Department of Medical Informatics, Erasmus University Medical Center, 3015 GD Rotterdam, The Netherlands.
Department of Biostatistics, University of California, Los Angeles, Los Angeles, CA 90095-1772, United States.
J Am Med Inform Assoc. 2024 Jun 20;31(7):1514-1521. doi: 10.1093/jamia/ocae109.
This study evaluates regularization variants in logistic regression (L1, L2, ElasticNet, Adaptive L1, Adaptive ElasticNet, Broken adaptive ridge [BAR], and Iterative hard thresholding [IHT]) for discrimination and calibration performance, focusing on both internal and external validation.
We use data from 5 US claims and electronic health record databases and develop models for various outcomes in a major depressive disorder patient population. We externally validate all models in the other databases. We use a train-test split of 75%/25% and evaluate performance with discrimination and calibration. Statistical analysis for difference in performance uses Friedman's test and critical difference diagrams.
Of the 840 models we develop, L1 and ElasticNet emerge as superior in both internal and external discrimination, with a notable AUC difference. BAR and IHT show the best internal calibration, without a clear external calibration leader. ElasticNet typically has larger model sizes than L1. Methods like IHT and BAR, while slightly less discriminative, significantly reduce model complexity.

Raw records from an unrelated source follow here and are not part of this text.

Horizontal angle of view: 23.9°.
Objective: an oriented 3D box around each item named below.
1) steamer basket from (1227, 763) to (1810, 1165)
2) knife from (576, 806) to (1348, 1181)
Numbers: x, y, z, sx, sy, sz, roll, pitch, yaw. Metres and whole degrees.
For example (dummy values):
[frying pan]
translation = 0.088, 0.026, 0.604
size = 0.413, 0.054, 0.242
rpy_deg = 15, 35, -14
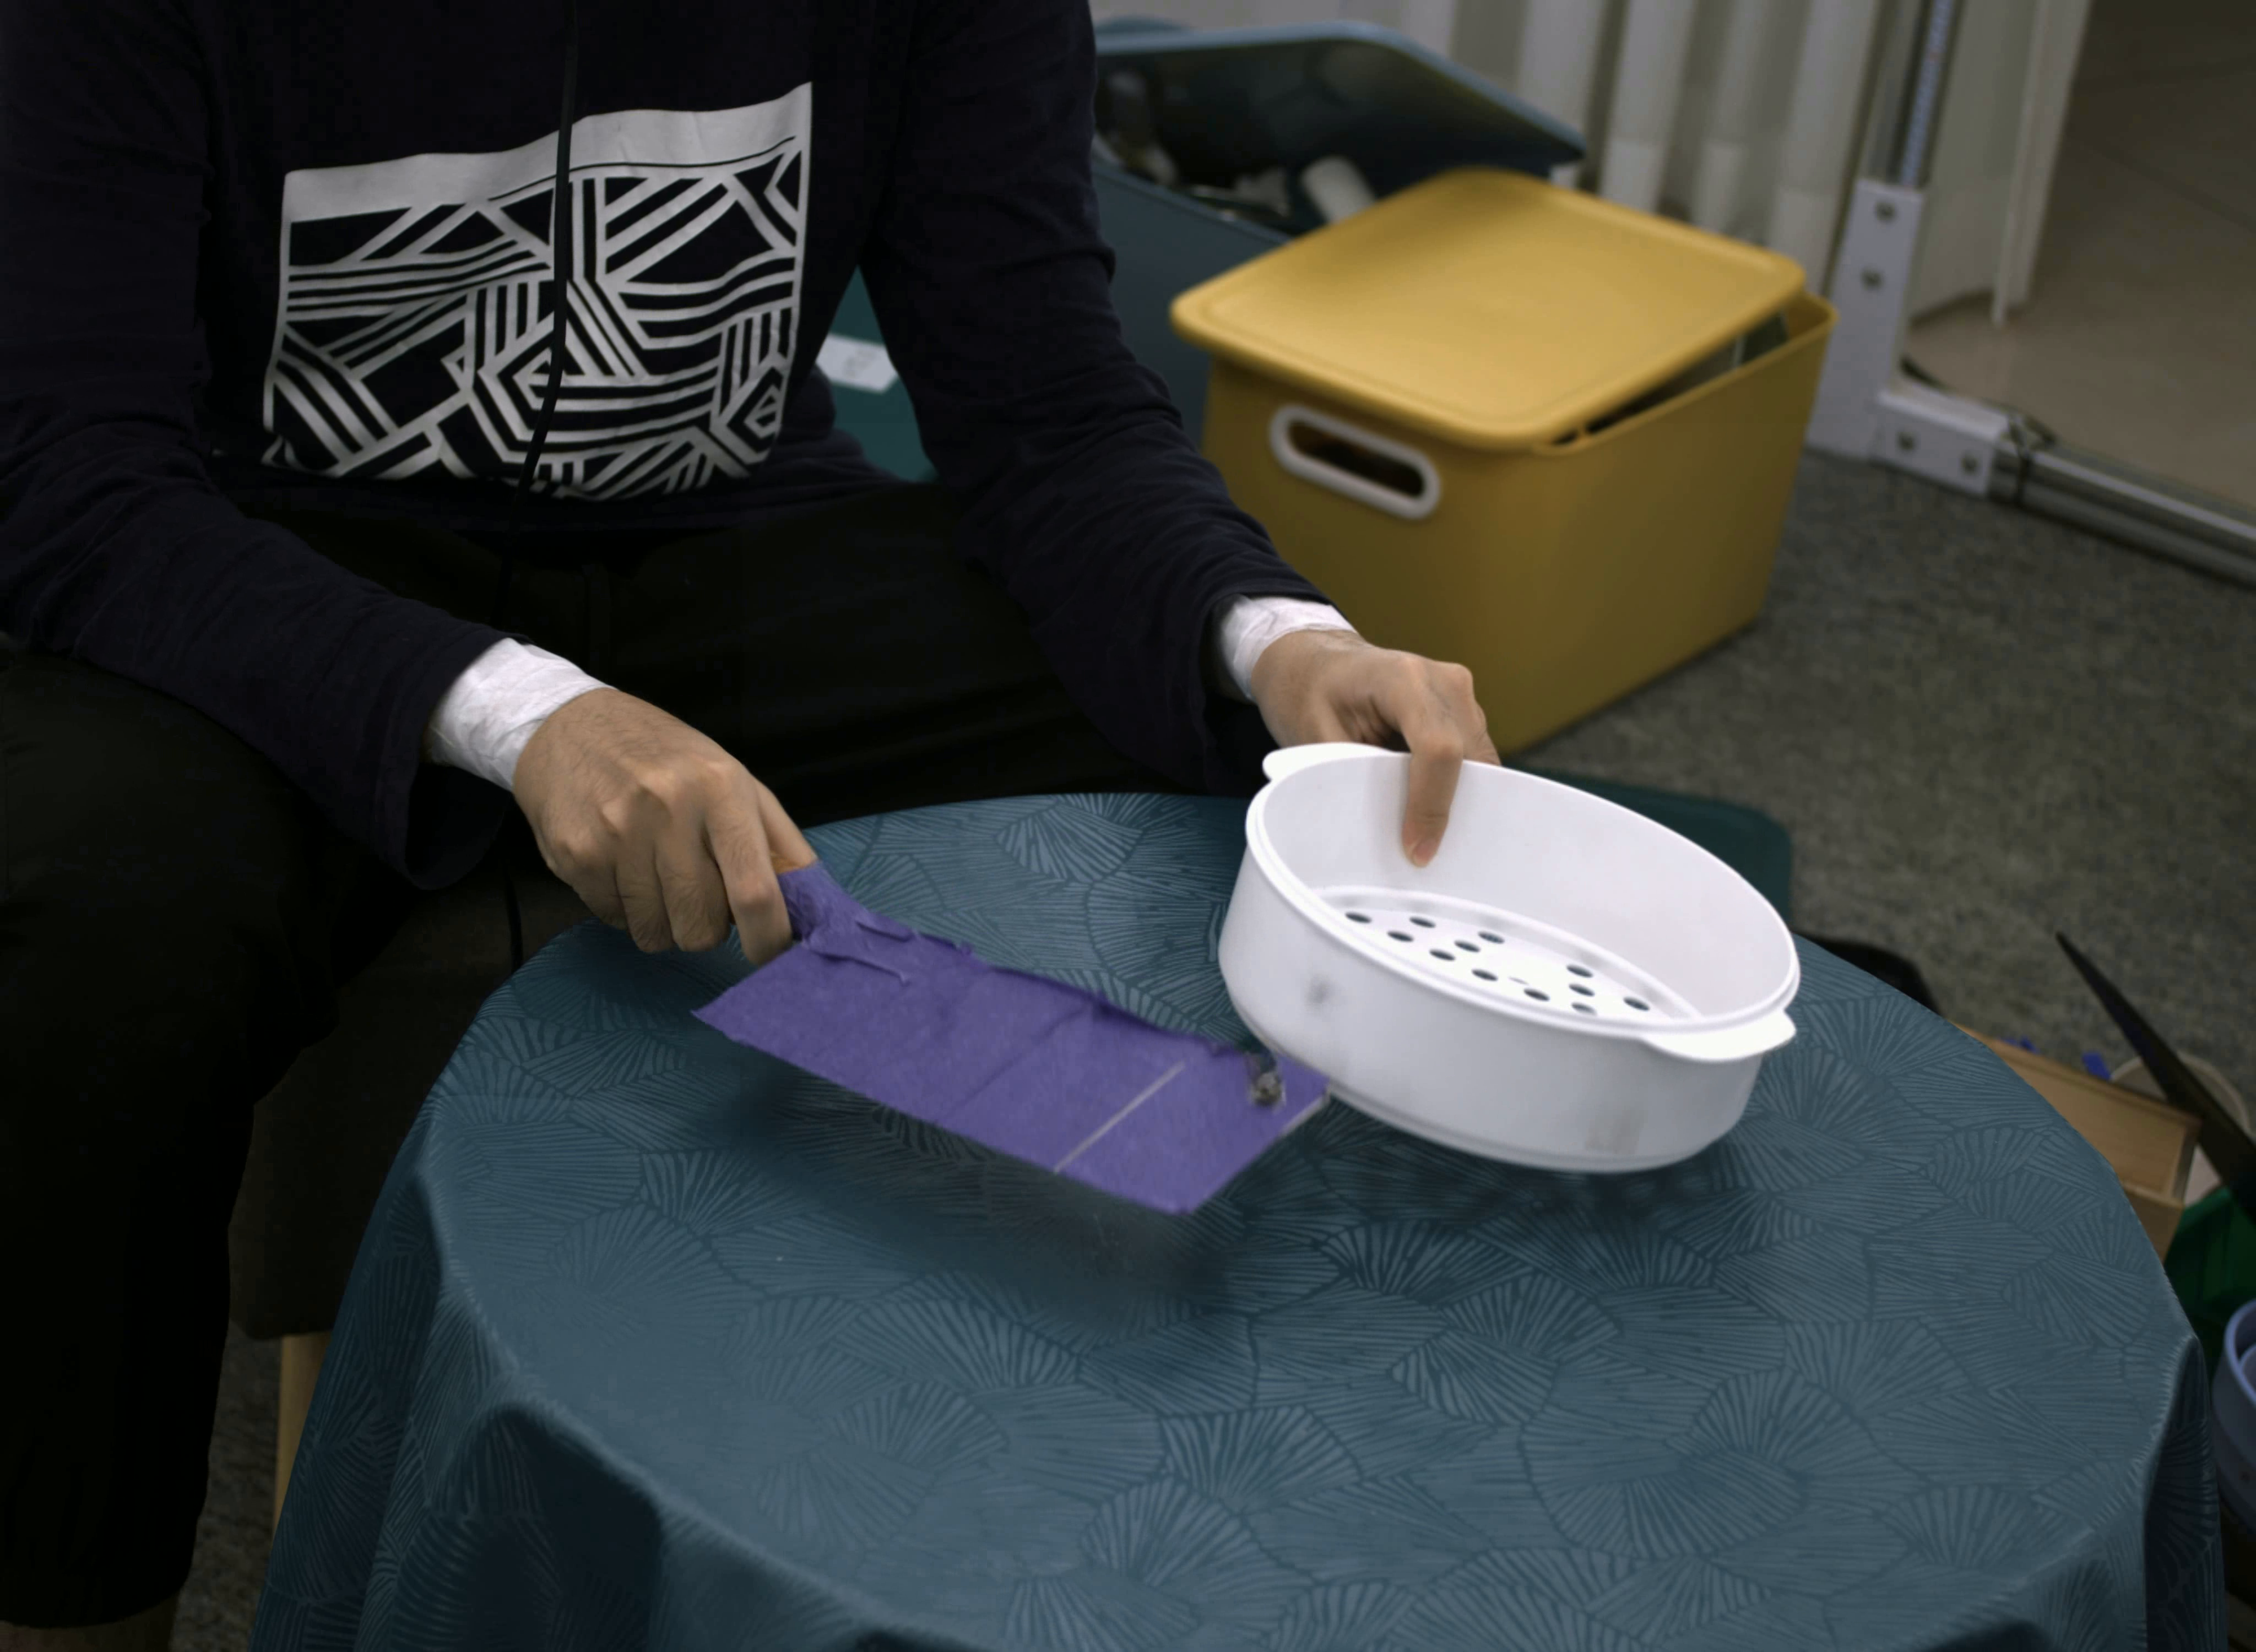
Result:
[steamer basket]
translation = 0.133, 0.049, 1.856
size = 0.200, 0.069, 0.232
rpy_deg = -5, 27, -43
[knife]
translation = -0.081, 0.055, 1.812
size = 0.317, 0.032, 0.103
rpy_deg = 16, 34, 33
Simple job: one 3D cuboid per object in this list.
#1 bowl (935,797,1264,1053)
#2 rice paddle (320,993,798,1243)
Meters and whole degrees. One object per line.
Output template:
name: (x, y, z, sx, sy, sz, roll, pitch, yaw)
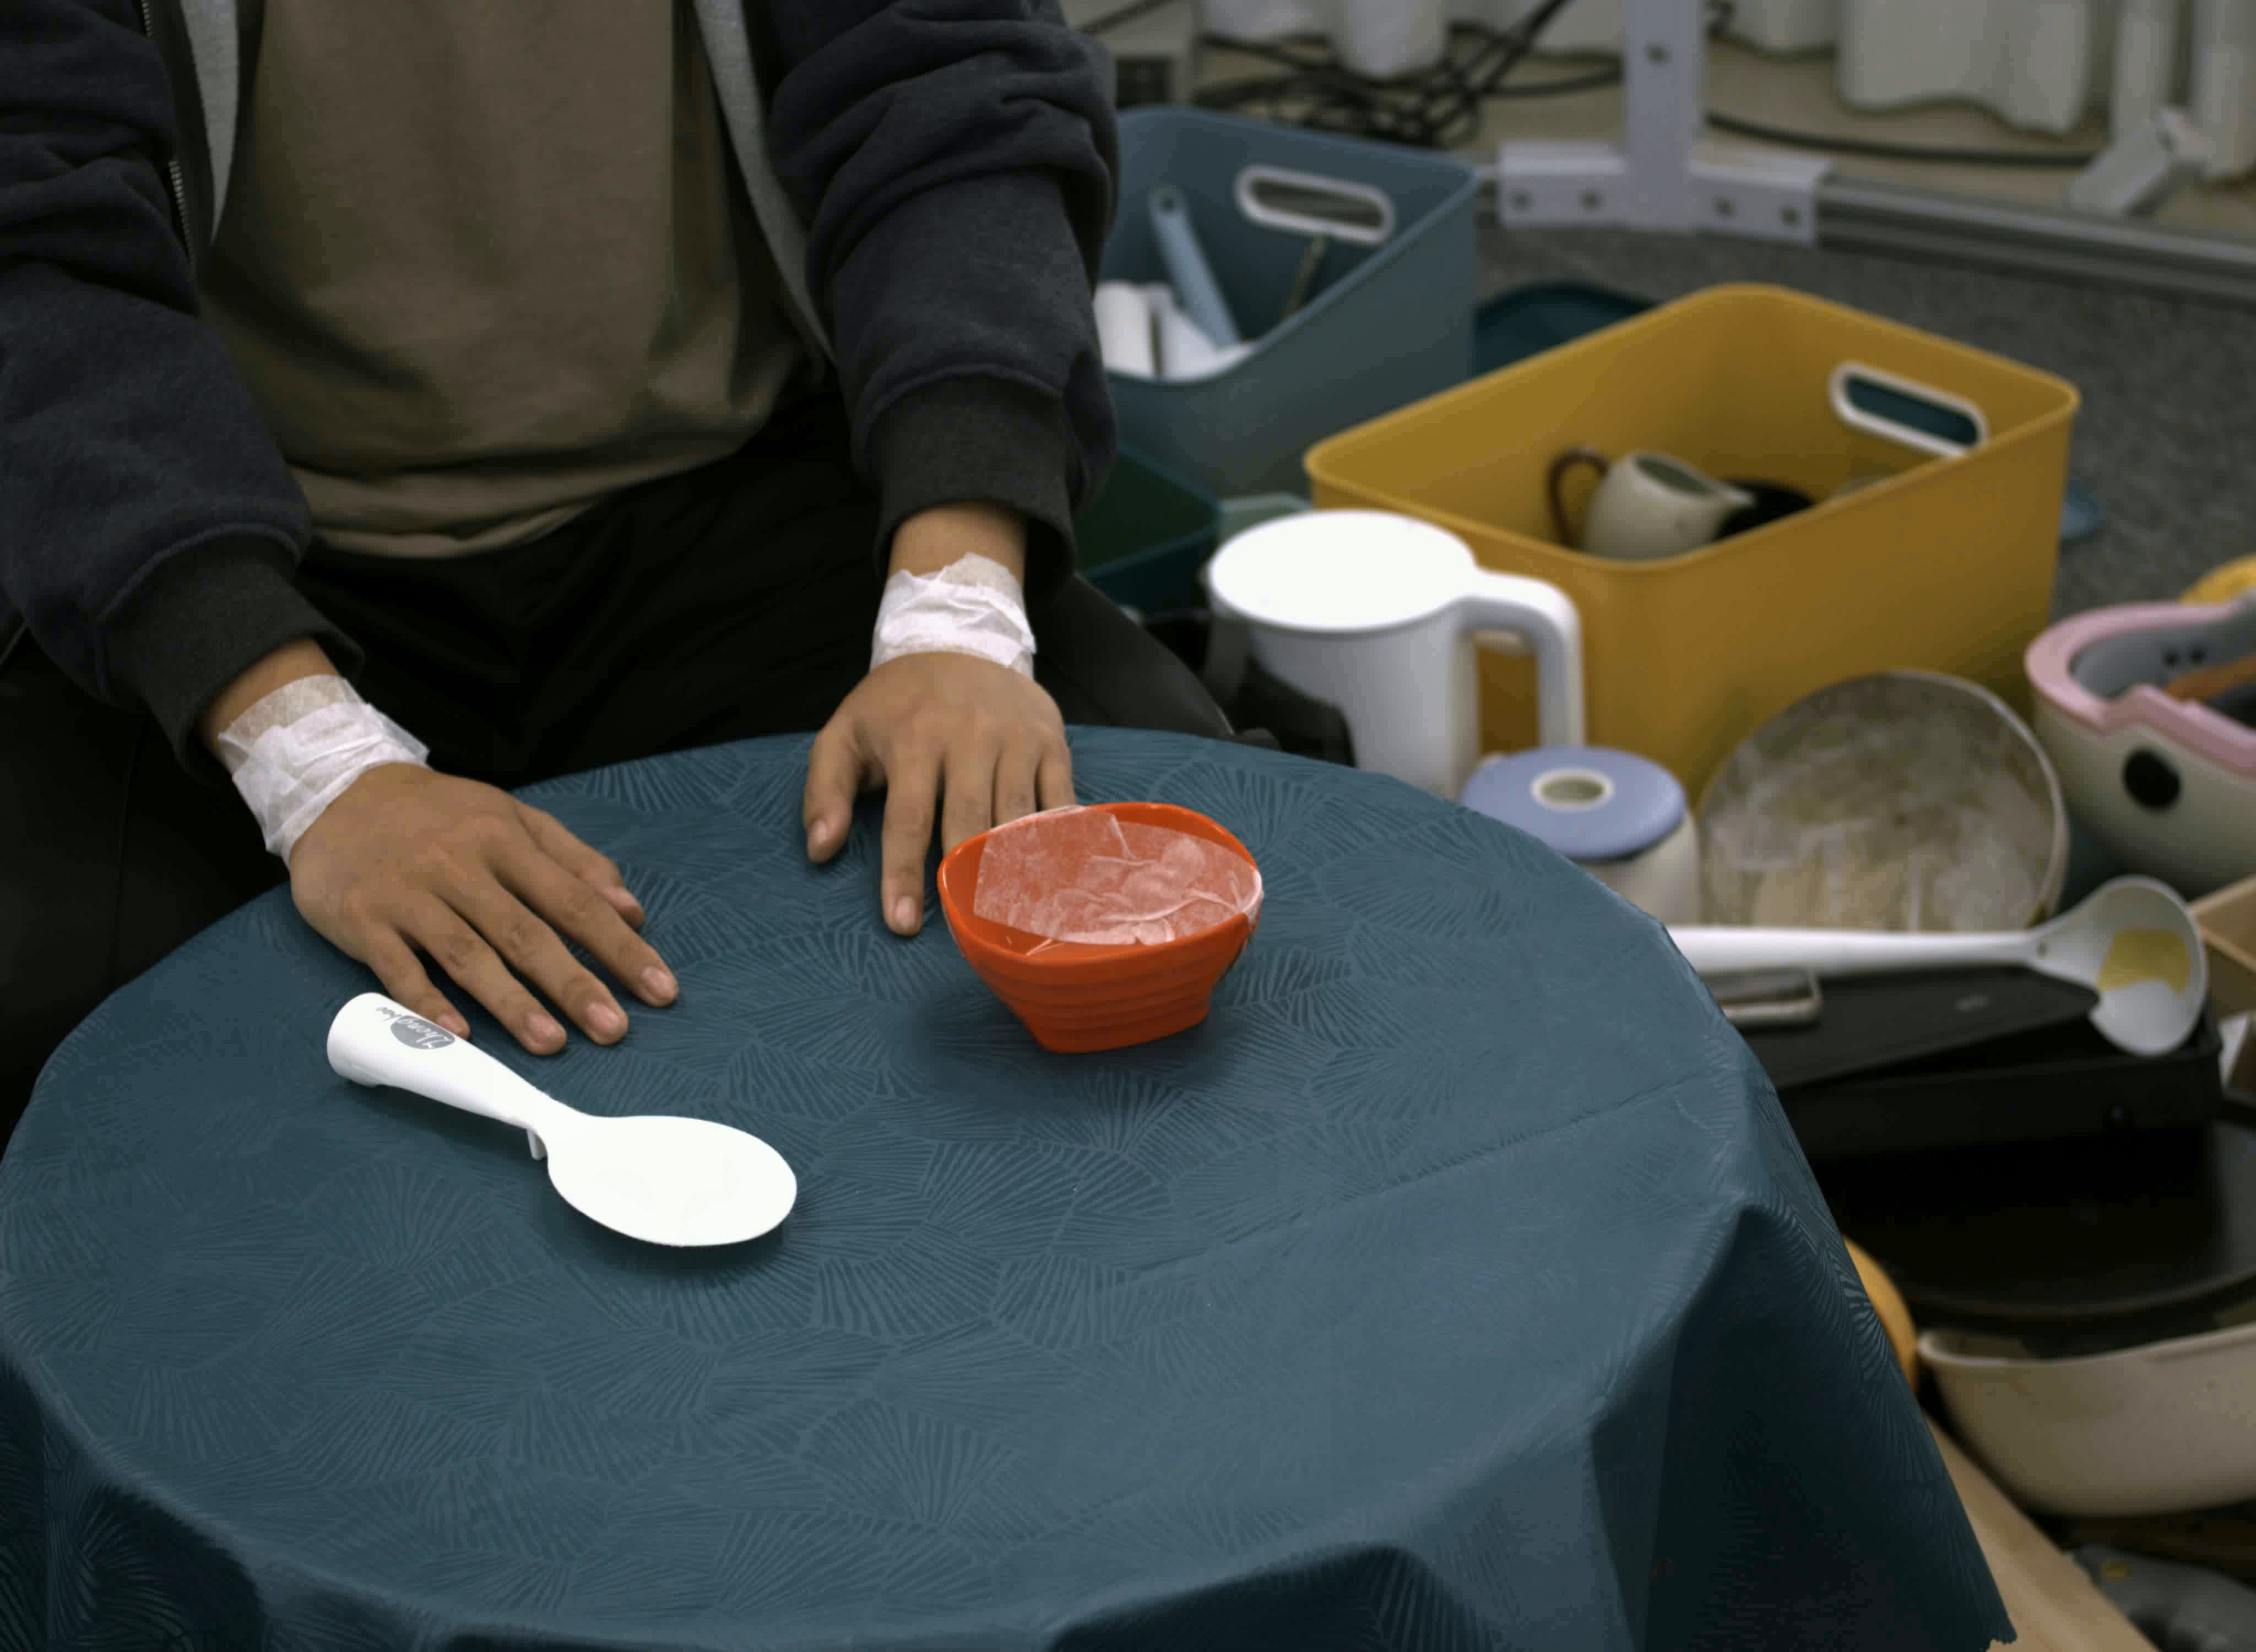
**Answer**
bowl: (-0.009, 0.039, 1.965, 0.118, 0.051, 0.121, -2, 28, 1)
rice paddle: (-0.193, 0.100, 1.891, 0.204, 0.029, 0.070, 20, 36, 37)

L1 and ElasticNet offer the best discriminative performance in logistic regression for healthcare predictions, maintaining robustness across validations. For simpler, more interpretable models, L0-based methods (IHT and BAR) are advantageous, providing greater parsimony and calibration with fewer features. This study aids in selecting suitable regularization techniques for healthcare prediction models, balancing performance, complexity, and interpretability.
本研究评估了逻辑回归(L1、L2、ElasticNet、自适应 L1、自适应 ElasticNet、断裂自适应岭(BAR)和迭代硬阈值(IHT))中的正则化变体在判别和校准性能方面的表现,重点关注内部和外部验证。
我们使用来自 5 个美国索赔和电子健康记录数据库的数据,并为主要抑郁症患者群体的各种结果开发模型。我们在其他数据库中对所有模型进行外部验证。我们使用 75%/25%的训练-测试分割,并使用判别和校准来评估性能。性能差异的统计分析使用 Friedman 检验和临界差异图。
在所开发的 840 个模型中,L1 和 ElasticNet 在内部和外部判别方面均表现出色,AUC 差异显著。BAR 和 IHT 显示出最佳的内部校准,而外部校准没有明显的领先者。ElasticNet 通常比 L1 具有更大的模型大小。像 IHT 和 BAR 这样的方法虽然判别能力稍差,但可以显著降低模型复杂度。
L1 和 ElasticNet 在医疗保健预测的逻辑回归中提供了最佳的判别性能,在各种验证中保持稳健。对于更简单、更具可解释性的模型,基于 L0 的方法(IHT 和 BAR)具有优势,可提供更少的特征和更简洁的校准。本研究有助于选择适合医疗保健预测模型的正则化技术,在性能、复杂性和可解释性之间取得平衡。